Data items:

=== Begin Enclosure ===

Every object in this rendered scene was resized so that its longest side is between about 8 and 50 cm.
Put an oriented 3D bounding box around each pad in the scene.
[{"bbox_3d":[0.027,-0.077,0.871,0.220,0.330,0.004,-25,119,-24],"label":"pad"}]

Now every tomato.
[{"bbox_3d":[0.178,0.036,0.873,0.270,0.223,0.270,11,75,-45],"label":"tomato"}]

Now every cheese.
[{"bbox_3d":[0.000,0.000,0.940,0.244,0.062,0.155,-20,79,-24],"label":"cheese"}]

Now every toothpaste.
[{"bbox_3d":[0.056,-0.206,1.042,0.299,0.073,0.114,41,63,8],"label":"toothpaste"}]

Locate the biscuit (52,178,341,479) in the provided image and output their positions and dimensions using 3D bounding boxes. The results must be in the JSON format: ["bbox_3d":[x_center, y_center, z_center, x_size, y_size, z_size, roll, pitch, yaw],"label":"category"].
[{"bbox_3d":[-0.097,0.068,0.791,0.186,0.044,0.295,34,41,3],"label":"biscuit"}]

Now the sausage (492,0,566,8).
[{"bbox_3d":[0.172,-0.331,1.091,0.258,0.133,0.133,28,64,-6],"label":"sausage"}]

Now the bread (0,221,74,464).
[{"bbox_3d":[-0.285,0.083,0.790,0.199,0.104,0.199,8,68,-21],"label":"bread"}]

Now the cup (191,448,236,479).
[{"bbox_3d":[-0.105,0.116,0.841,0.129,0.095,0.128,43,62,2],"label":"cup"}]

=== End Enclosure ===
=== Begin Enclosure ===

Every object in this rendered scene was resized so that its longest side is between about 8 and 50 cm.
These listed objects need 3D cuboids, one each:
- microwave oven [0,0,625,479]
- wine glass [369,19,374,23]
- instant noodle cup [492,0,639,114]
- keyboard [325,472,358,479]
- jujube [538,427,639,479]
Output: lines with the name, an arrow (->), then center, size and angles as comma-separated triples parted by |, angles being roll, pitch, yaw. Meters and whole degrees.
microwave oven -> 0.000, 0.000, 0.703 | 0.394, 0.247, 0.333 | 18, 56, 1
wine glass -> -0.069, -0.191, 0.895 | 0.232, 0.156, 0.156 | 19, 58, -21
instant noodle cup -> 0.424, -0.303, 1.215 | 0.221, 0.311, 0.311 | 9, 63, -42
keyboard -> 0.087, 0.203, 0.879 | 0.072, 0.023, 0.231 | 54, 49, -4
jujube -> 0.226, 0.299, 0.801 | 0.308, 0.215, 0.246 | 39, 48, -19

=== End Enclosure ===
=== Begin Enclosure ===

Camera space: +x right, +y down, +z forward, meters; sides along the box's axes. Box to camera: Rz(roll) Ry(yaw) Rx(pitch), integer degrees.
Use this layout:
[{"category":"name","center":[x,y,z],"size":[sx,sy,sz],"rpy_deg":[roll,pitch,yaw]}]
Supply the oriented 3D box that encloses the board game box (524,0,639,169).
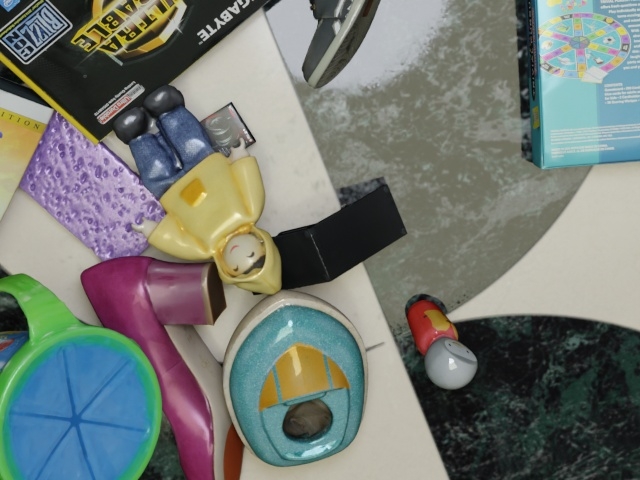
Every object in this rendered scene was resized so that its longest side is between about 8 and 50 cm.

=== End Enclosure ===

Problem description
Return exactly, and only, the lines above starting at the line that contains "- microwave oven [0,0,625,479]" and ending at the line that contains "- jujube [538,427,639,479]".

Solution to the exercise
- microwave oven [0,0,625,479]
- wine glass [369,19,374,23]
- instant noodle cup [492,0,639,114]
- keyboard [325,472,358,479]
- jujube [538,427,639,479]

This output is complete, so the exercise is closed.